Ambaji temple is a famous pilgrimage place in Gujarat, India. It is present on the border of the states of Gujarat and Rajasthan adjacent to Abu Road. It is related to the Danta Taluka of Banaskantha Precinct, relatively close to the beginnings of the famous Vedic River SARASWATI. The temple is seen on the mountaintop of Arasur Parvat in the Ambica forest. This forest is towards the southwest side of the old mountains of Aravalli. It is at an altitude of about 480 meters and about 1600 feet high from sea level. It is one among the Fifty historic Shakti Piths (the major Centre of Cosmic Power in India) with an area of 8.33 sq km (5 sq. miles).

Periodic History

It is the main shrine of a deity adored from the pre-Vedic period. The Goddess is also known as Arasuri Amba, from the temple’s position in the Arasur hills, at the origin of the River at the southern extremity of the Aravali mountainous region. Among the 51 Shakti Peethas is Ambaji Mata Temple. It is a crucial Shakti Peeth in India.

Maa Amba’s brilliance makes her a cherished shrine among devotees of the Shaktism sect of Devout Hindus. Because Devi Sati’s heart fell here, this is a potent Shakti Peeth. Daksha Yaga Mythology has an intriguing narrative behind the acquisition of Shakti Peeth Status. Every Shakti Peeth had its establishment when a portion of Goddess Sati Devi’s body dropped into that location. According to the bards, Lord Shiva danced with Sati Devi’s corpse in dreadful fury and sadness, and her body split into 51 pieces. The Shakti Peeth has a significant tantric connection and a link to Batuk Bhairav.

Architecture

The temple’s inner sanctuary boasts silver-plated doors. The primary center of devotion is a gokh, or alcove, in the wall with an ancient marble engraving of the Viso Yantra, a Vedic book on sacred geometry. There is no goddess idol, maybe because the temple predates idol adoration, but the priests adorn the upper half of the gokh in a way that appears to be a goddess idol from a distance.

Places to visit Around the Temple

A few miles from the Ambaji shrine lies Mansarovar, a massive rectangular kund with stairs on all four sides. Near Ambaji temple is also the Stone Artisan Park Training Institute (SAPTI). SAPTI is hosting a series of symposiums called Shilpotsav. Participants created stunning sculptures at prominent Ambaji locales such as Gabbar Hill, Shaktipith Circle, and the Light and Sound Show Arena.

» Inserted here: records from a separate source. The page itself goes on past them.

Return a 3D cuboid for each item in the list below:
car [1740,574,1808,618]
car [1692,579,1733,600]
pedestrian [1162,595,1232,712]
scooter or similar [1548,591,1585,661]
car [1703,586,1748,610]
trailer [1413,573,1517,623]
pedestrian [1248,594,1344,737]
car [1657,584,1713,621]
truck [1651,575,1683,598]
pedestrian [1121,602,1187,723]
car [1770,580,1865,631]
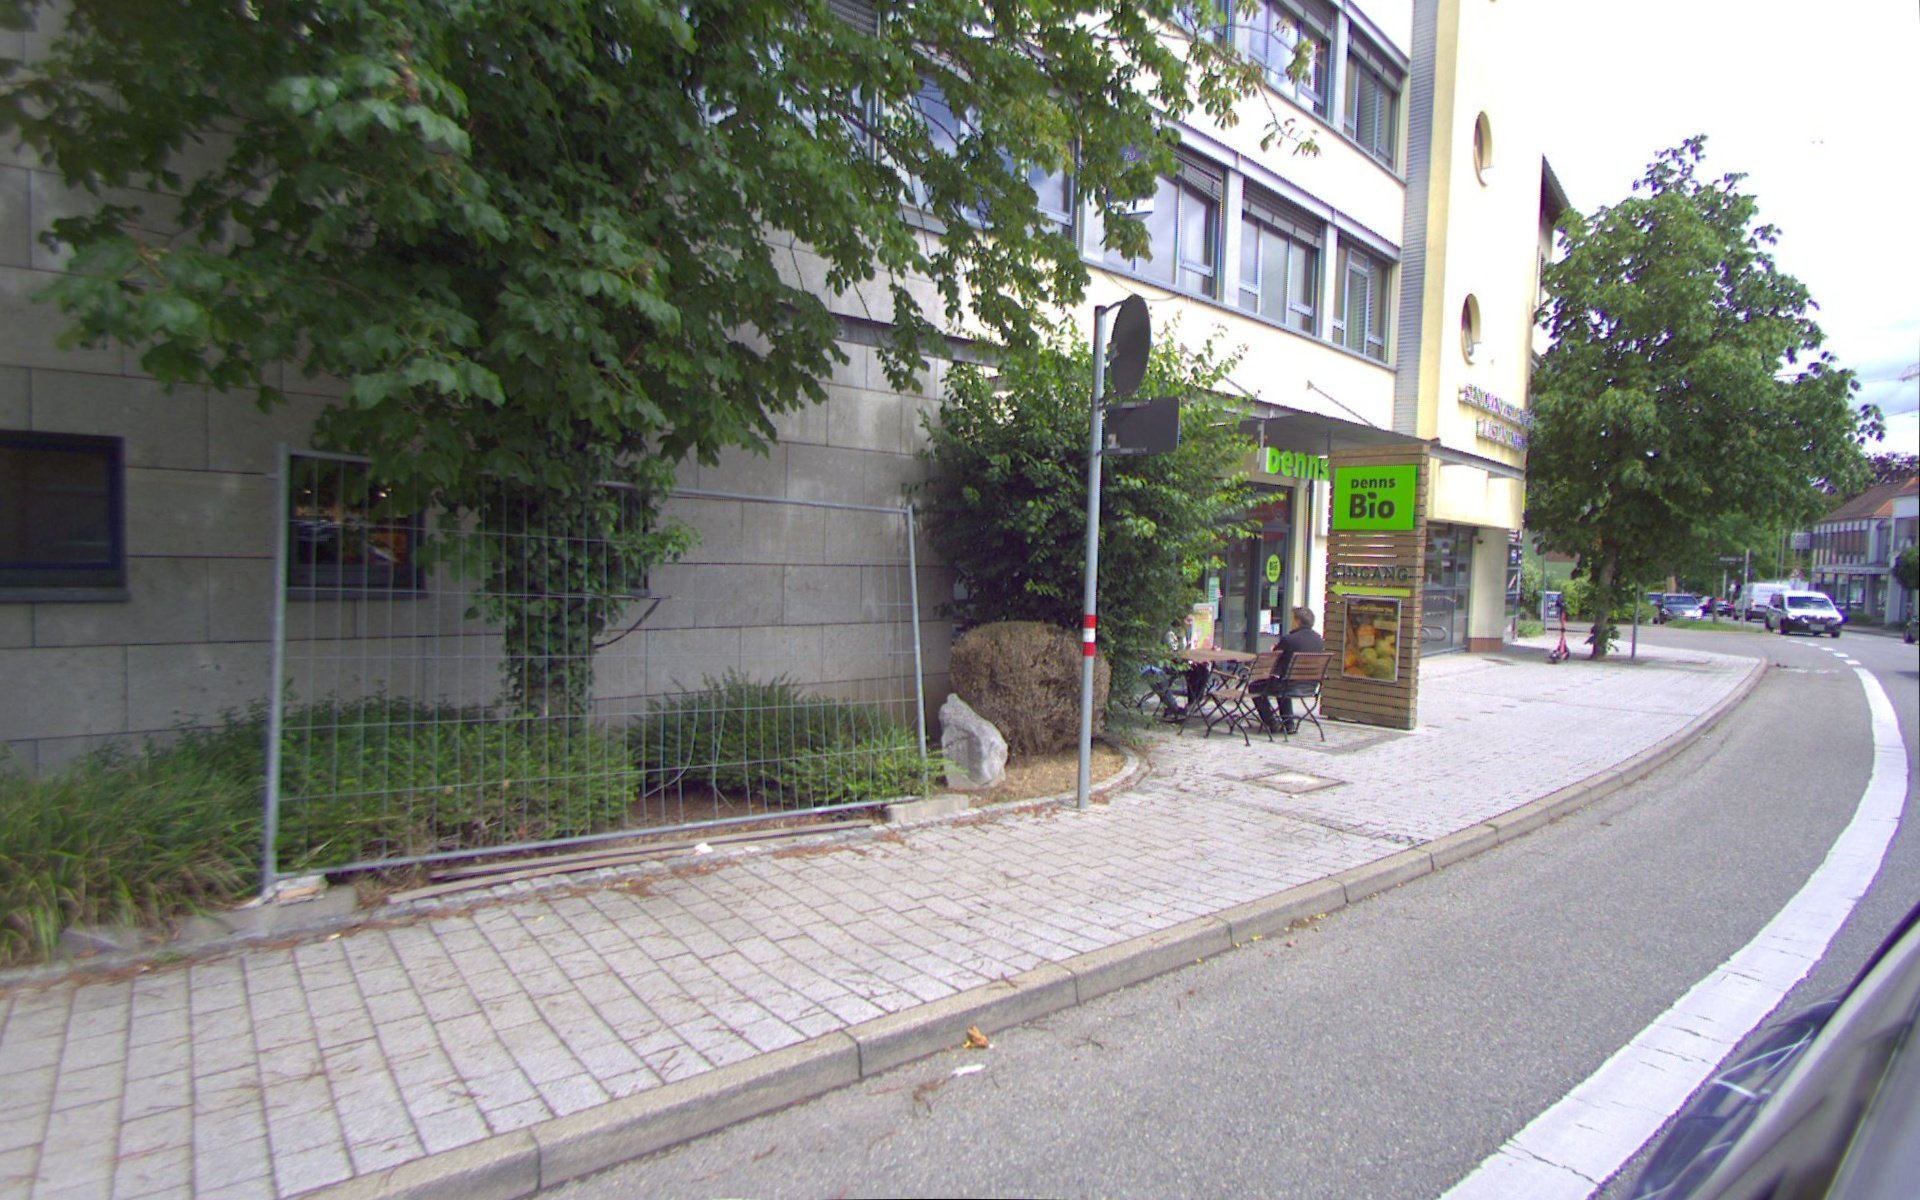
[{"bbox_3d":[49.287,-0.278,61.404,2.051,2.381,5.133,6,3,27],"label":"car"},{"bbox_3d":[59.964,-0.862,80.732,1.764,1.541,4.422,3,3,26],"label":"car"},{"bbox_3d":[2.626,0.574,11.224,0.577,1.218,0.495,2,3,45],"label":"pedestrian"},{"bbox_3d":[12.299,0.503,20.499,0.380,1.332,1.438,2,3,41],"label":"scooter or similar"},{"bbox_3d":[55.018,-0.176,72.803,1.760,1.442,4.071,5,4,27],"label":"car"},{"bbox_3d":[18.903,-0.090,37.957,3.158,1.601,1.372,6,3,41],"label":"trailer"},{"bbox_3d":[3.334,0.626,10.072,0.567,1.332,0.692,-1,2,-29],"label":"pedestrian"},{"bbox_3d":[36.523,0.103,51.067,1.681,1.687,4.416,3,2,29],"label":"car"},{"bbox_3d":[84.056,-1.643,120.367,2.293,2.449,6.034,2,3,28],"label":"truck"},{"bbox_3d":[2.039,0.635,10.638,0.519,1.196,0.495,2,2,34],"label":"pedestrian"},{"bbox_3d":[34.660,0.162,41.056,1.948,1.829,4.388,1,2,27],"label":"car"}]

The euphoric holiday of Navratri lights up throughout Gujarat in honor of Ambaji, with the Garba dance surrounding the Holy Mother. The Nayak and Bhojok clans also conduct bhavai theatre on these nine evenings. On Bhadarvi Poornima (full moon day), a significant mela occurs here, and people from all over the nation walk from their homes. The whole town of Ambaji gets lit up as the country celebrates Diwali.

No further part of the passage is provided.